What strikers have beaten him though?

----------


## Quil

Saying that both Wand and Shogun haven't beaten anyone good except for Rampage is a bit out there, Test. That's almost like saying the only decent fighter Fedor has beaten is CC.

----------


## Panzerfaust

> Nothing is wrong but you need facts or something to back that statement/belief up. murilo hates and I mean hates Arona yet he will tell you that he is a great fighter(he will throw the boring in) but still he looks at things objectively, as objectively as any fan can. You are obviously just looking to defend the ufc at all costs. I will tell you right now pride has some shit fighters and some overrated fighters but so does the ufc. Learn to be open minded.
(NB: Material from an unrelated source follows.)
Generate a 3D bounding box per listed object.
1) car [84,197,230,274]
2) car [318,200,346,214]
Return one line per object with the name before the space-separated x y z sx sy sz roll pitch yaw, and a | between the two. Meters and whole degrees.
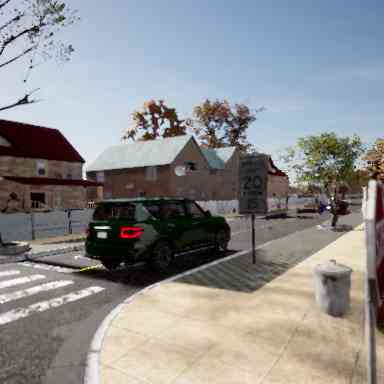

I agree, i have always and i mean always been an equal opportunity hater. And yes, i generally state my reasoning for such opinion.

----------


## Hunter

> What strikers have beaten him though?


You raise a good point he fought overeem, metzer, belfort all three very good strikers and he knoocked two of them out. I would recommend you go look at his fight with metzger. Metzger made chuck look real real bad, chuck then hit him and knocked him out, but up to the knock out he made chuck look real bad. Overeem had chuck shooting on him before he knocked him out. Belfort went toe to toe with him and tried to steal the final round by blindly training with chuck and got put on his ass. Many people feel that Busta was robbed in the fight(i cant say never seen it). Both pele and sueluv are very good strikers and considerably smaller then chuck and they went the distance with him vernon white(b level fighter) even did alright against chuck. I mean when you fight three strikers who are natural 205 and against two of them you dont look very good, I am going to have doubts when you fight another striker. The biggest difference between metzger and overeem compared to Quinton is there chin. Metzger great fighter glass chin, overeem good fighter average chin. Quinton great fighter great chin. Now I am not pride fan ufc fan strikeforce fan. I am simply an mma fan. I dont hate chuck in fact I would give him a top 3 spot in the rankings. I simply have been watching for a long time and know what chuck does best and that is make grapplers look very very bad most of the time. Am I saying chuck cant strike or knock out any 205 pound fighter out? No, I am saying traditionally he has struggled with strikers and ended up relying 100% on his knock out power and chin.

----------


## Panzerfaust

> Saying that both Wand and Shogun haven't beaten anyone good except for Rampage is a bit out there, Test. That's almost like saying the only decent fighter Fedor has beaten is CC.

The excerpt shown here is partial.